Re-hatched government tech research and commercialisation arm Data61 got to strut its stuff in public this week attracting over 1000 visitors to its D61+Live event at the Australian Technology Park in Sydney’s Redfern.
D61+Live featured 78 booths with demos of Data61 research goodies ranging from all-purpose digital tool for tracking and displaying Australian data called the National Map to fundamental cyber security technology, such as the impenetrable seL4 microkernel, and an online hub called Ribit that helps link students with business internships, projects and job trials.
D61+ Live was the public recovery from a near death experience for Data61, which is the reincarnation of NICTA, the Howard Government tech research initiative that had been defunded by the Abbott Government, then swallowed into CSIRO last year, and then partly refunded as Data61 by the Turnbull administration.
While the demo booths were buzzing, Data61 faces more tough times in April as a wave of retrenchments flow through the organisation due to rationalisation and repurposing resulting from being absorbed into CSIRO.
Data61 chief executive Adrian Turner said there had been an intense period of consultation with project teams as the agency worked through who would go and who would stay. He said somewhere south of 100 positions would go during April, although not all would be retrenchments, with some project teams being placed elsewhere.
Mr Turner said redundancy was the last option and that he had been burning shoe leather looking for opportunities to place teams and people that no fitted inside the Data61 strategic plan.
“I’ve been out in the market and on planes and priming third parties that could consume any of the capability that we have. Ultimately there will be people impacted, but it will be a lot less than was talked about at the time of the merger (with CSIRO). It’s a lot less too than had NICTA been shut down which would have been a tragedy for the country.”
While there is some gloom to come in April, it’s not all doom at Data61.
Liz Jakubowski, an old NICTA hand who used to run government relations is now the director of Data61’s new student-to-business placement portal Ribit, which was on show at D61+Live.
‘This is a unique service in the marketplace. There’s nothing that connects students directly with businesses and start-ups in the way we are doing it.’

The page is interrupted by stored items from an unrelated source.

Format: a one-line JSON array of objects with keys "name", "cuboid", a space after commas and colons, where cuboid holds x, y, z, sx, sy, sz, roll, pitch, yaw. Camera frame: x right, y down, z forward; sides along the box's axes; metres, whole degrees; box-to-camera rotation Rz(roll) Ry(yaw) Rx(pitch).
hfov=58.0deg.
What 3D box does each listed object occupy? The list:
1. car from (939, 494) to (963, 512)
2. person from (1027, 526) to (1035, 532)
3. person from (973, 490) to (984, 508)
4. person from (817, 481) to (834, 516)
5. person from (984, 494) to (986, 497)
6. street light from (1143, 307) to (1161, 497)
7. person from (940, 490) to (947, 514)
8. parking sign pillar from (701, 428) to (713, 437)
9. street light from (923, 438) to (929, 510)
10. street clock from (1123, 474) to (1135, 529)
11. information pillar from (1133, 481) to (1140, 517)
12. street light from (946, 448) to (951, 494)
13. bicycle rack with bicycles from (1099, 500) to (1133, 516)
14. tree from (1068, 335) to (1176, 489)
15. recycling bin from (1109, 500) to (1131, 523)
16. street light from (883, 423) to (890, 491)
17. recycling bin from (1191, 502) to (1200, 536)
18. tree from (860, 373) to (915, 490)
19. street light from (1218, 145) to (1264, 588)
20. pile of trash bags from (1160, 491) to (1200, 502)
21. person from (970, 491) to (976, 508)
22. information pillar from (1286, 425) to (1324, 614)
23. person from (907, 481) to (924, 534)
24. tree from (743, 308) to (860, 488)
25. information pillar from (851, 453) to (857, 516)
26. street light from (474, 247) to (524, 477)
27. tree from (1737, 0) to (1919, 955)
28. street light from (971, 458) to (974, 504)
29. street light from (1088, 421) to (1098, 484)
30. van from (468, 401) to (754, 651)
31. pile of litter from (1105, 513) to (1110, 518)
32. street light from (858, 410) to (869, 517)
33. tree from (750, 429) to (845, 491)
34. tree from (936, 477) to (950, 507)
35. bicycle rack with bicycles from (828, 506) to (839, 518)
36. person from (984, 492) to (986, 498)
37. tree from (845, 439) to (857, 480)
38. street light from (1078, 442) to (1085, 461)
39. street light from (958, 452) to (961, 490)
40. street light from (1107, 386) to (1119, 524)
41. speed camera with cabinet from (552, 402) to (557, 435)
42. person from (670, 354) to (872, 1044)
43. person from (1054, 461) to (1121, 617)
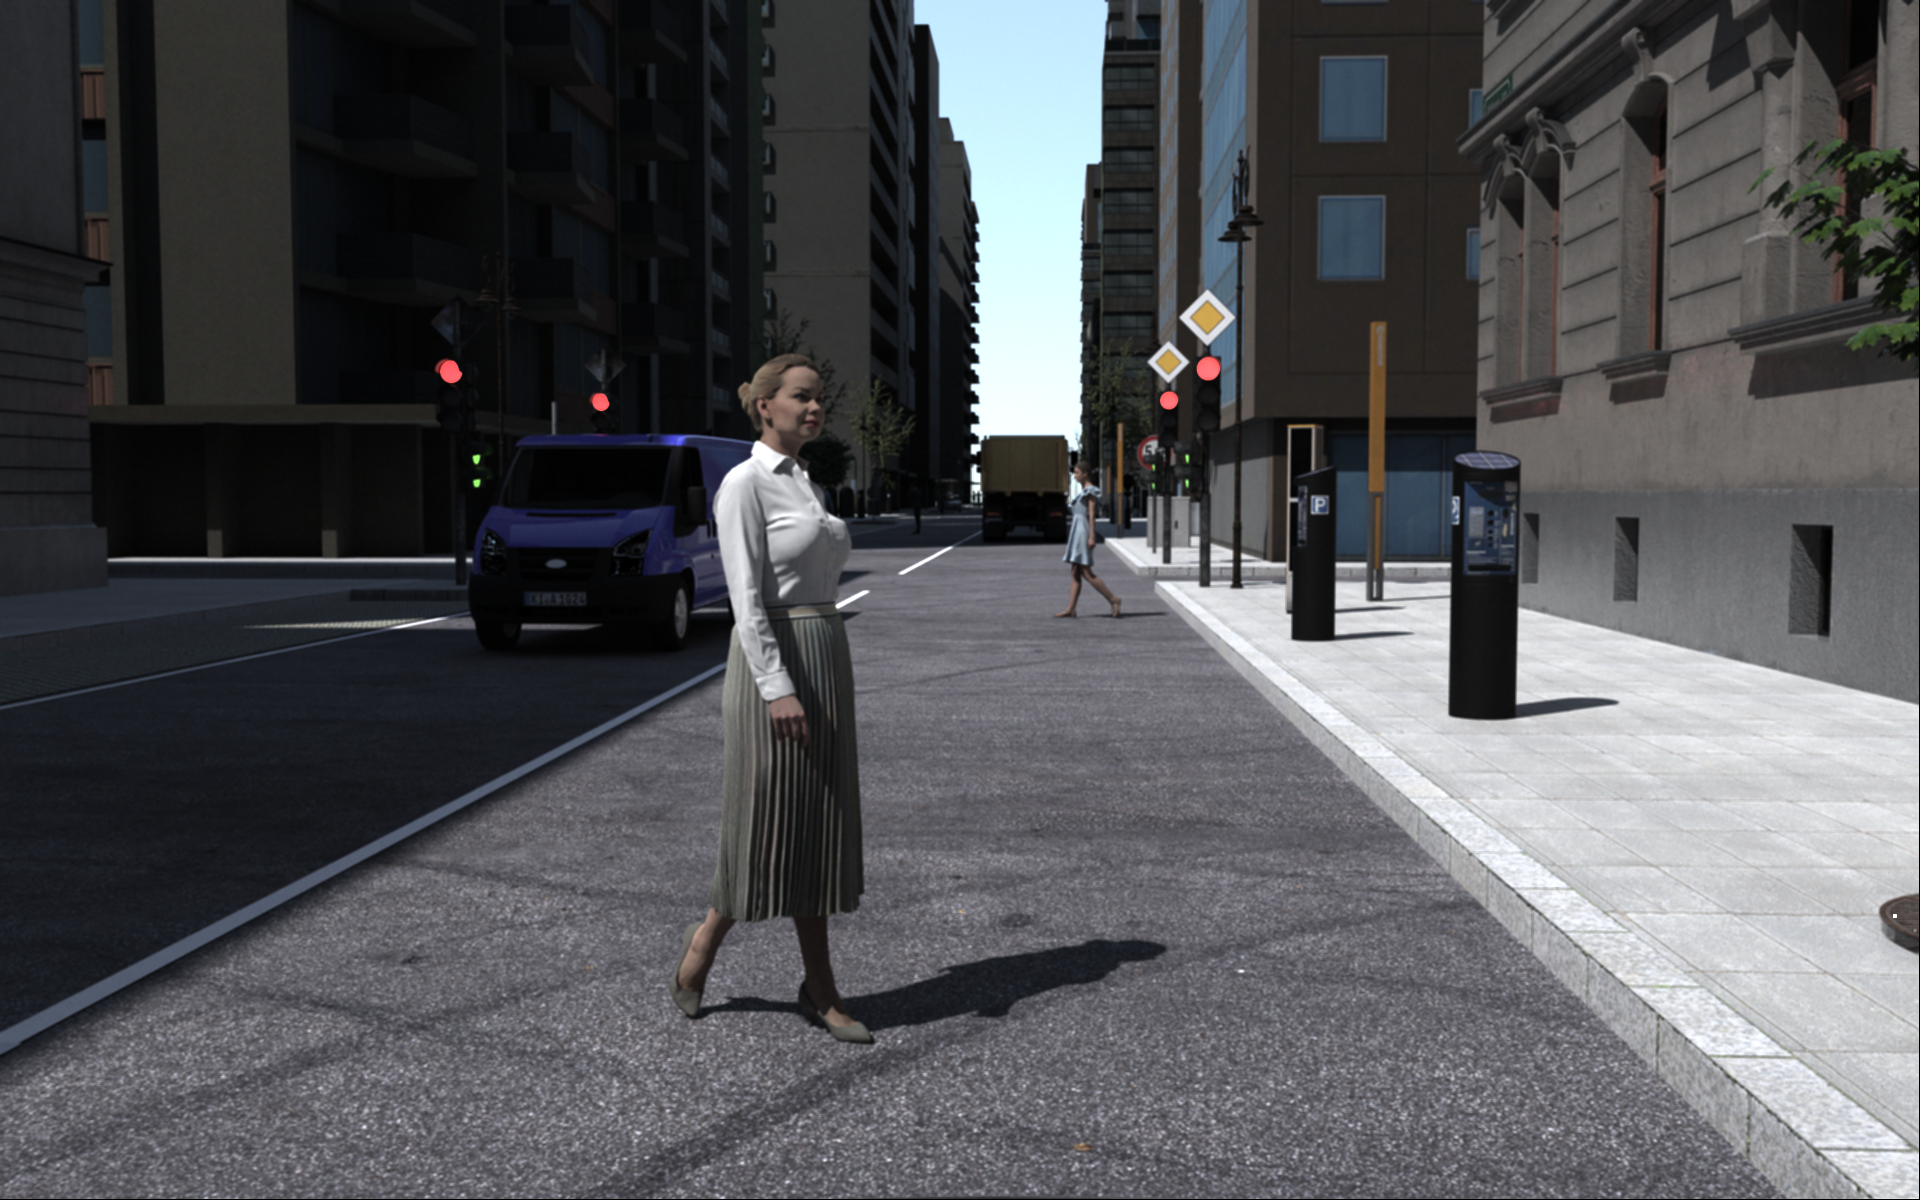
[{"name": "car", "cuboid": [-0.759, -7.686, 137.674, 2.014, 1.417, 4.499, 0, 4, 2]}, {"name": "person", "cuboid": [2.649, -3.469, 65.883, 0.731, 1.740, 0.598, 2, 4, 35]}, {"name": "person", "cuboid": [1.936, -10.444, 179.240, 1.348, 1.826, 0.705, -1, 4, -19]}, {"name": "person", "cuboid": [-3.992, -2.545, 50.130, 0.660, 1.820, 0.620, -1, 4, -10]}, {"name": "person", "cuboid": [3.161, -11.749, 200.696, 1.348, 1.812, 0.705, -3, 4, -37]}, {"name": "street light", "cuboid": [4.785, -4.289, 42.910, 0.468, 5.910, 1.993, 0, 4, 3]}, {"name": "person", "cuboid": [-1.192, -7.015, 123.908, 0.721, 1.735, 1.217, 1, 4, 20]}, {"name": "parking sign pillar", "cuboid": [-10.696, -5.031, 70.729, 1.447, 3.967, 1.447, 0, 4, 8]}, {"name": "street light", "cuboid": [-2.772, -10.264, 140.596, 0.468, 5.910, 1.993, 0, 4, 3]}, {"name": "street clock", "cuboid": [6.155, -3.605, 63.519, 0.471, 2.002, 0.358, 2, 4, 25]}, {"name": "information pillar", "cuboid": [9.901, -5.669, 97.180, 0.304, 2.012, 0.304, 3, 4, 38]}, {"name": "street light", "cuboid": [-1.168, -12.184, 171.990, 0.468, 5.910, 1.993, 0, 4, 3]}, {"name": "bicycle rack with bicycles", "cuboid": [9.344, -5.507, 103.422, 2.925, 0.926, 2.852, -1, 4, -8]}, {"name": "tree", "cuboid": [7.541, -7.915, 79.772, 4.737, 8.622, 4.395, 0, 3, 0]}, {"name": "recycling bin", "cuboid": [7.068, -3.905, 76.403, 0.722, 1.027, 0.722, -2, 4, -25]}, {"name": "street light", "cuboid": [-4.534, -8.339, 109.133, 0.468, 5.910, 1.993, 0, 4, 3]}, {"name": "recycling bin", "cuboid": [7.098, -2.471, 52.958, 0.722, 1.027, 0.722, 2, 4, 25]}, {"name": "tree", "cuboid": [-5.056, -9.461, 105.045, 4.737, 8.622, 4.395, 0, 3, 0]}, {"name": "street light", "cuboid": [3.773, -3.097, 23.431, 0.468, 5.910, 1.993, 0, 4, 3]}, {"name": "pile of trash bags", "cuboid": [7.248, -2.884, 56.912, 1.912, 1.369, 3.447, 1, 4, 23]}, {"name": "person", "cuboid": [1.339, -10.618, 182.626, 0.750, 1.759, 0.617, 1, 4, 13]}, {"name": "information pillar", "cuboid": [3.689, -0.860, 18.545, 0.304, 2.012, 0.304, 2, 4, 28]}, {"name": "person", "cuboid": [-1.632, -3.369, 62.948, 0.474, 1.900, 0.648, 2, 4, 28]}, {"name": "tree", "cuboid": [-6.619, -7.191, 67.941, 4.737, 8.622, 4.395, 0, 3, 0]}, {"name": "information pillar", "cuboid": [-6.109, -6.607, 99.376, 0.183, 3.616, 0.504, -2, 4, -35]}, {"name": "street light", "cuboid": [-8.661, -3.664, 32.687, 0.468, 5.910, 1.993, 0, 4, 3]}, {"name": "tree", "cuboid": [3.273, -0.617, 4.688, 1.663, 3.219, 1.824, 0, 3, 0]}, {"name": "street light", "cuboid": [1.623, -15.367, 224.033, 0.468, 5.910, 1.993, 0, 4, 3]}, {"name": "street light", "cuboid": [8.278, -8.163, 106.261, 0.468, 5.910, 1.993, 0, 4, 3]}, {"name": "van", "cuboid": [-3.324, -0.810, 17.625, 2.240, 2.365, 5.245, 0, 4, 4]}, {"name": "pile of litter", "cuboid": [8.350, -4.885, 93.836, 1.176, 0.858, 1.719, 2, 4, 30]}, {"name": "street light", "cuboid": [-5.298, -7.503, 95.467, 0.468, 5.910, 1.993, 0, 4, 3]}, {"name": "tree", "cuboid": [-7.526, -5.483, 73.366, 4.285, 4.588, 4.351, 0, 3, 0]}, {"name": "tree", "cuboid": [-2.093, -11.072, 175.632, 1.663, 3.219, 1.824, 0, 3, 0]}, {"name": "bicycle rack with bicycles", "cuboid": [-8.364, -5.365, 101.097, 2.852, 0.926, 2.925, -3, 5, -41]}, {"name": "person", "cuboid": [3.218, -12.382, 211.870, 0.541, 1.710, 0.530, 0, 4, -7]}, {"name": "tree", "cuboid": [-6.748, -6.235, 85.649, 4.285, 4.588, 4.351, 0, 3, 0]}, {"name": "street light", "cuboid": [10.764, -10.931, 151.508, 0.468, 5.910, 1.993, 0, 4, 3]}, {"name": "street light", "cuboid": [-0.066, -13.441, 192.547, 0.468, 5.910, 1.993, 0, 4, 3]}, {"name": "street light", "cuboid": [6.564, -6.211, 74.339, 0.468, 5.910, 1.993, 0, 4, 3]}, {"name": "speed camera with cabinet", "cuboid": [-8.488, -2.589, 36.661, 0.660, 3.252, 2.038, 0, 4, -4]}, {"name": "person", "cuboid": [-0.518, 0.252, 4.604, 0.641, 1.798, 0.478, 3, 4, 37]}, {"name": "person", "cuboid": [1.476, -0.699, 20.030, 0.778, 1.811, 0.616, 0, 4, 7]}]

‘We are focussing on the core skills that businesses need to transform – these are programming communications, design and business analytics. What we are doing is making this sort of engagement really easy.’
The free service launched as a beta site in February, mainly targeting the Sydney market before it scales out to the rest of the country. So far it has over 1200 students on tap and Ms Jakubowski expects to launch a full service in early June.
D61+ Live closed off with two old tech venture hands mulling the future of Australian innovation over a bottle of wine.
CSIRO boss and serial entrepreneur Larry Marshall sat down with Innovation and Science Australia chairman Bill Ferris for a wide ranging discussion on how to get Australian research, funding and business collaboration up to scratch (where Mr Ferris appeared to garner the lion’s share of the bottle of red that sat between them.)
While praising the standard of pure research in Australia, Mr Ferris said the country had to do something about its bottom of the pile ranking in university-to-business collaboration.
Mr Ferris said university researchers had to change their culture to be more aware of business needs, rather than just looking inward to their own peers for recognition, while business also had seek out collaboration with universities.
He said he saw encouraging signs from many vice-chancellors where the ‘penny had dropped’ on the benefits of closer collaboration with business and they were increasingly interested in spin-offs and joint ventures.
Business needed to lift its game in snuggling up to universities.
‘We’ve got to get business reaching in, aggressively, and finding out where the bloody universities are for a start,’ he said. It’s really that bad.’
Mr Ferris suggested using the R&D tax incentive scheme as a lever to push better collaboration.
A big lever to foster collaboration could the R&D tax incentives scheme.
‘It’s a $3 billion cheque book entirely there for funding private research and development. There must be a way of using it to encourage, require and demand collaboration,’ he said.
Mr Ferris wanted to know when CSIRO’s own innovation fund would close its first deal.
As part of the National Innovation and Science Agenda CSIRO has established a fund with $70 million over 10 years from government plus money from CSIRO’s WLAN licencing stream.
Mr Marshall said he was confident the first deal would close by July.